Defining a pipeline like,

%%pipeline my-exp

%%depend train param

and running the experiment like

%%exp my-exp

one should be able to mimic most of the pipeline features. Later, it's possible to create DVC-files from these definitions by creating code files, params.yaml, etc.

dberenbaum commented 3 years ago

Can we move this to https://github.com/iterative/dvc/discussions? We can keep this ticket to document patterns like https://github.com/iterative/dvc.org/issues/96#issuecomment-471198943, but the discussion is now moving towards new feature ideas. Also related to the above suggestions: https://github.com/iterative/dvc/discussions/6011.

jorgeorpinel commented 3 years ago

@daavoo @iesahin I agree with @dberenbaum the feature suggestions are great but should be in the core repo please 🙂

Is there a recommendation/decision as to writing docs or a blog based on current features? Thanks

casperdcl commented 2 years ago

Strongly would recommend taking a look at https://github.com/nteract/papermill which integrates quite nicely with DVC :)

Essentially substitute python script.py with papermill notebook.ipynb. There are also lots of ways to play around with params, deps & outputs.

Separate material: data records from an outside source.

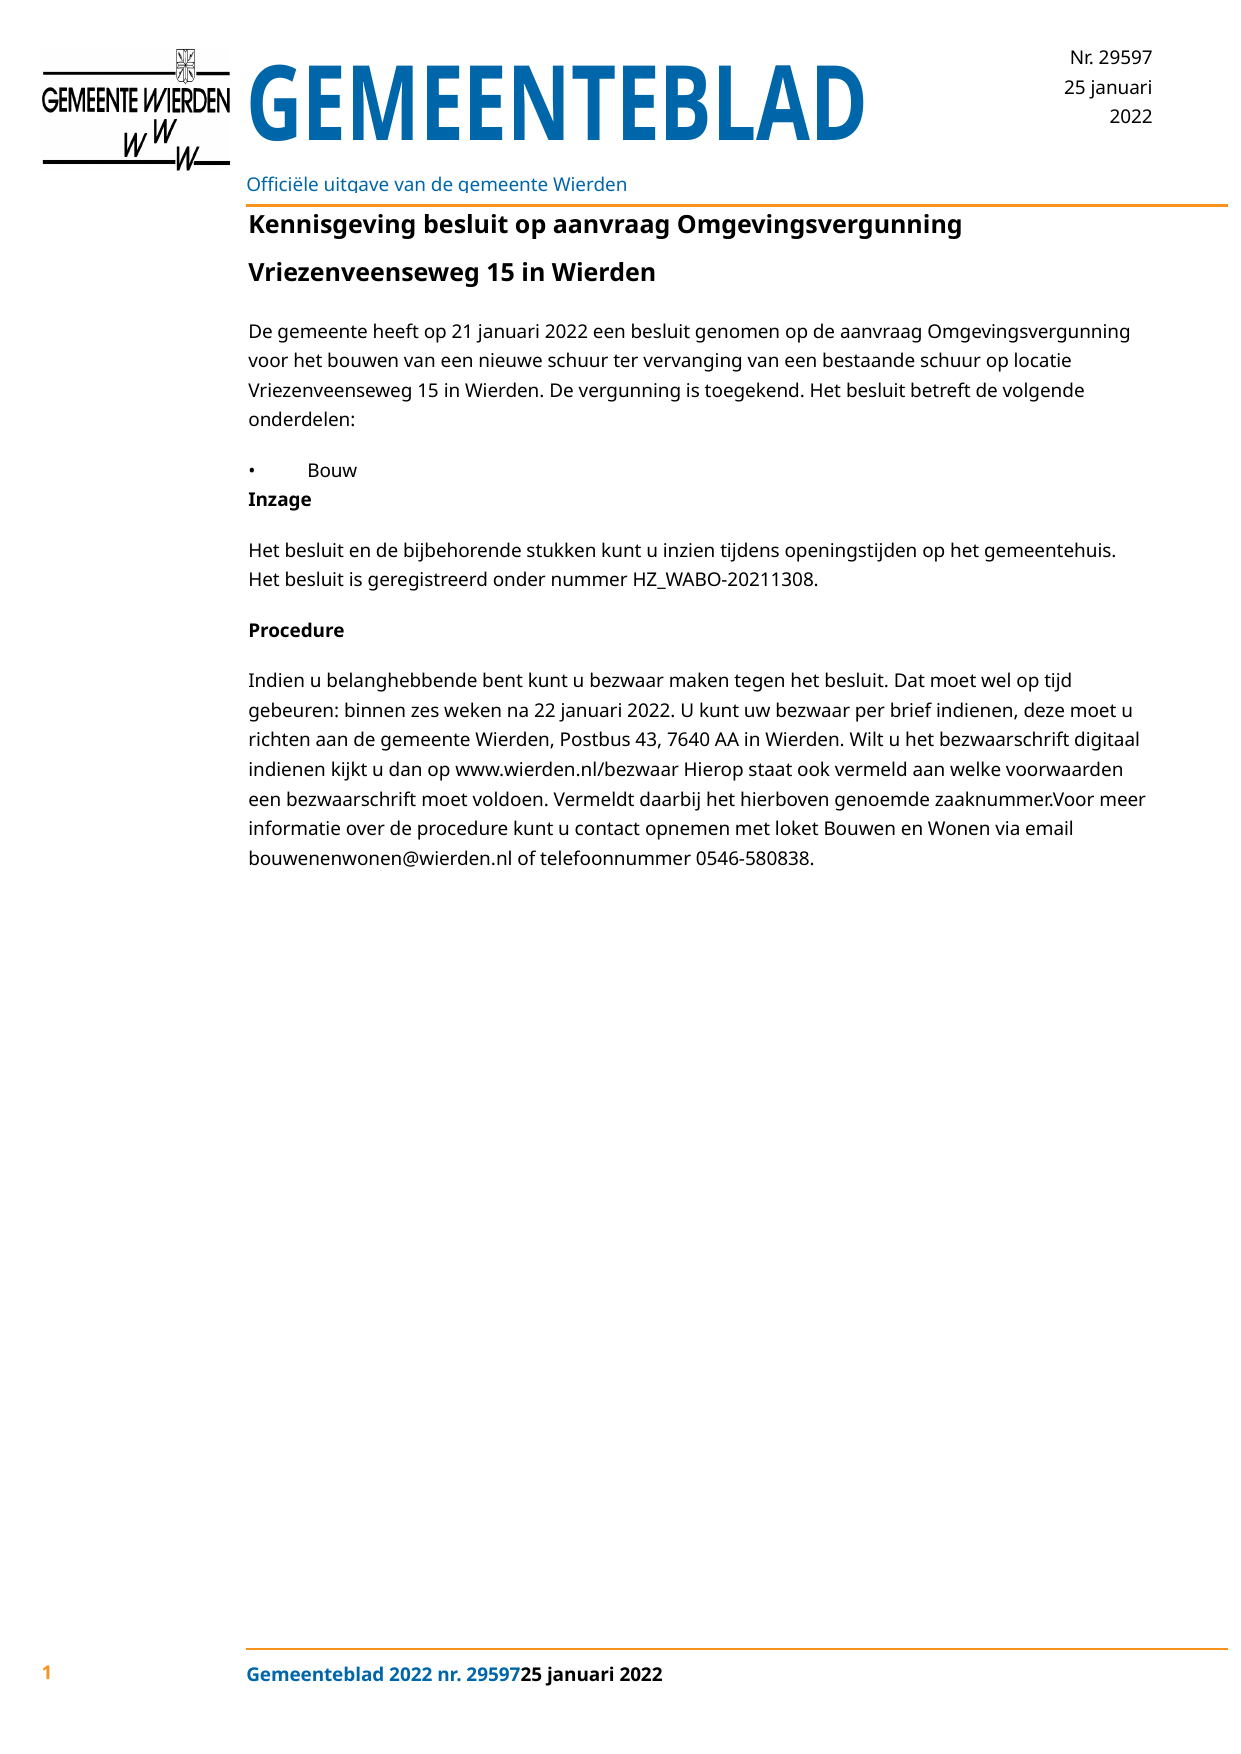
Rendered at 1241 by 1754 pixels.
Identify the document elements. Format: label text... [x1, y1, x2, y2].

text Inzage [248, 487, 1152, 512]
text De gemeente heeft op 21 januari 2022 een besluit genomen op de aanvraag Omgevingsvergunning voor het bouwen van een nieuwe schuur ter vervanging van een bestaande schuur op locatie Vriezenveenseweg 15 in Wierden. De vergunning is toegekend. Het besluit betreft de volgende onderdelen: [248, 318, 1152, 432]
text Procedure [248, 617, 1152, 643]
text Het besluit en de bijbehorende stukken kunt u inzien tijdens openingstijden op het gemeentehuis. Het besluit is geregistreerd onder nummer HZ_WABO-20211308. [248, 537, 1152, 592]
list Bouw [248, 457, 1152, 483]
picture [41, 47, 231, 172]
text Kennisgeving besluit op aanvraag Omgevingsvergunning Vriezenveenseweg 15 in Wierden [248, 207, 1152, 288]
text Indien u belanghebbende bent kunt u bezwaar maken tegen het besluit. Dat moet wel op tijd gebeuren: binnen zes weken na 22 januari 2022. U kunt uw bezwaar per brief indienen, deze moet u richten aan de gemeente Wierden, Postbus 43, 7640 AA in Wierden. Wilt u het bezwaarschrift digitaal indienen kijkt u dan op www.wierden.nl/bezwaar Hierop staat ook vermeld aan welke voorwaarden een bezwaarschrift moet voldoen. Vermeldt daarbij het hierboven genoemde zaaknummer.Voor meer informatie over de procedure kunt u contact opnemen met loket Bouwen en Wonen via email bouwenenwonen@wierden.nl of telefoonnummer 0546-580838. [248, 667, 1152, 871]

jorgeorpinel commented 2 years ago

Ping @jendefig 🙂 (I think you were looking for ideas, well this is the oldest open ticket one in this repo)

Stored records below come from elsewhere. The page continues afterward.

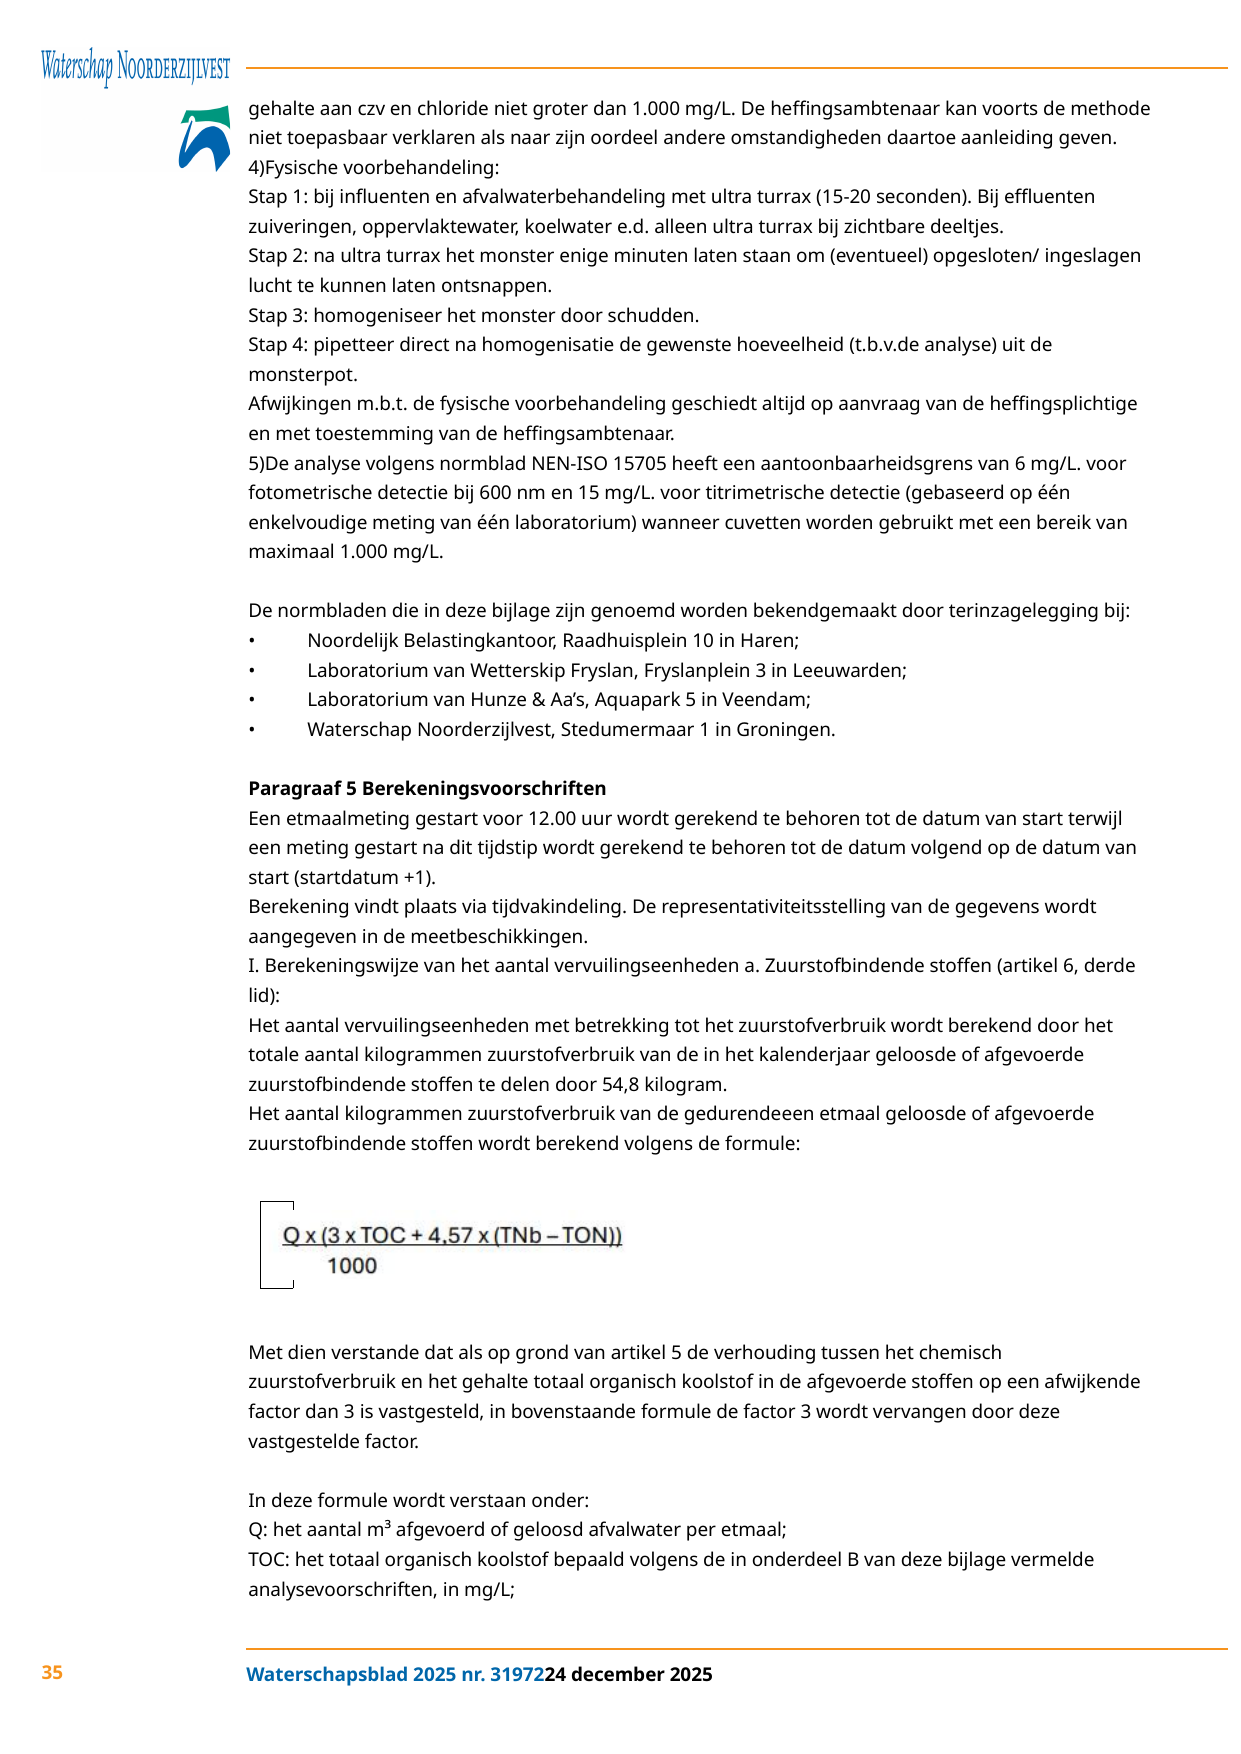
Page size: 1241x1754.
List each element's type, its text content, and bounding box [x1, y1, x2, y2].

picture [268, 1210, 629, 1280]
text Het aantal vervuilingseenheden met betrekking tot het zuurstofverbruik wordt berekend door het totale aantal kilogrammen zuurstofverbruik van de in het kalenderjaar geloosde of afgevoerde zuurstofbindende stoffen te delen door 54,8 kilogram. [248, 1012, 1152, 1097]
text Stap 2: na ultra turrax het monster enige minuten laten staan om (eventueel) opgesloten/ ingeslagen lucht te kunnen laten ontsnappen. [248, 243, 1152, 298]
text 4)Fysische voorbehandeling: [248, 154, 1152, 180]
text Stap 3: homogeniseer het monster door schudden. [248, 302, 1152, 328]
list Waterschap Noorderzijlvest, Stedumermaar 1 in Groningen. [248, 716, 1152, 742]
text Q: het aantal m³ afgevoerd of geloosd afvalwater per etmaal; [248, 1517, 1152, 1542]
text 5)De analyse volgens normblad NEN-ISO 15705 heeft een aantoonbaarheidsgrens van 6 mg/L. voor fotometrische detectie bij 600 nm en 15 mg/L. voor titrimetrische detectie (gebaseerd op één enkelvoudige meting van één laboratorium) wanneer cuvetten worden gebruikt met een bereik van maximaal 1.000 mg/L. [248, 450, 1152, 564]
text Stap 1: bij influenten en afvalwaterbehandeling met ultra turrax (15-20 seconden). Bij effluenten zuiveringen, oppervlaktewater, koelwater e.d. alleen ultra turrax bij zichtbare deeltjes. [248, 183, 1152, 239]
picture [41, 47, 231, 172]
list Laboratorium van Hunze & Aa’s, Aquapark 5 in Veendam; [248, 686, 1152, 712]
text I. Berekeningswijze van het aantal vervuilingseenheden a. Zuurstofbindende stoffen (artikel 6, derde lid): [248, 953, 1152, 1008]
text Paragraaf 5 Berekeningsvoorschriften [248, 775, 1152, 801]
text Het aantal kilogrammen zuurstofverbruik van de gedurendeeen etmaal geloosde of afgevoerde zuurstofbindende stoffen wordt berekend volgens de formule: [248, 1101, 1152, 1156]
text De normbladen die in deze bijlage zijn genoemd worden bekendgemaakt door terinzagelegging bij: [248, 598, 1152, 623]
text Afwijkingen m.b.t. de fysische voorbehandeling geschiedt altijd op aanvraag van de heffingsplichtige en met toestemming van de heffingsambtenaar. [248, 391, 1152, 446]
list Laboratorium van Wetterskip Fryslan, Fryslanplein 3 in Leeuwarden; [248, 657, 1152, 683]
text In deze formule wordt verstaan onder: [248, 1487, 1152, 1513]
text Met dien verstande dat als op grond van artikel 5 de verhouding tussen het chemisch zuurstofverbruik en het gehalte totaal organisch koolstof in de afgevoerde stoffen op een afwijkende factor dan 3 is vastgesteld, in bovenstaande formule de factor 3 wordt vervangen door deze vastgestelde factor. [248, 1339, 1152, 1454]
text Berekening vindt plaats via tijdvakindeling. De representativiteitsstelling van de gegevens wordt aangegeven in de meetbeschikkingen. [248, 893, 1152, 949]
text TOC: het totaal organisch koolstof bepaald volgens de in onderdeel B van deze bijlage vermelde analysevoorschriften, in mg/L; [248, 1546, 1152, 1602]
list Noordelijk Belastingkantoor, Raadhuisplein 10 in Haren; [248, 627, 1152, 653]
text Een etmaalmeting gestart voor 12.00 uur wordt gerekend te behoren tot de datum van start terwijl een meting gestart na dit tijdstip wordt gerekend te behoren tot de datum volgend op de datum van start (startdatum +1). [248, 805, 1152, 890]
text gehalte aan czv en chloride niet groter dan 1.000 mg/L. De heffingsambtenaar kan voorts de methode niet toepasbaar verklaren als naar zijn oordeel andere omstandigheden daartoe aanleiding geven. [248, 95, 1152, 150]
text Stap 4: pipetteer direct na homogenisatie de gewenste hoeveelheid (t.b.v.de analyse) uit de monsterpot. [248, 331, 1152, 387]

jendefig commented 2 years ago

@jorge Thanks! @flippedcoder is finishing up one on this now here. Not sure she is familiar with Papermill @casperdcl. With what you know could you take a look and see if there are any significant advantages over the approach being used now?

casperdcl commented 2 years ago

done

jorgeorpinel commented 2 years ago

Does https://iterative.ai/blog/jupyter-notebook-dvc-pipeline close this? WDYT @dberenbaum @jendefig

Cc @RCdeWit is there an issue for the planned blog follow-up? (Getting to an actual pipeline)

Thanks

jendefig commented 2 years ago

Does https://iterative.ai/blog/jupyter-notebook-dvc-pipeline close this? WDYT @dberenbaum @jendefig

Cc @RCdeWit is there an issue for the planned blog follow-up? (Getting to an actual pipeline)

Thanks

@jorgeorpinel I would think that until the follow-up one to the papermill one is done this isn't quite closed. But plans for the next one are already in our backlog, so it won't be lost.

shcheklein commented 1 year ago

I think we can close this for now. No need to track it here as a separate issue.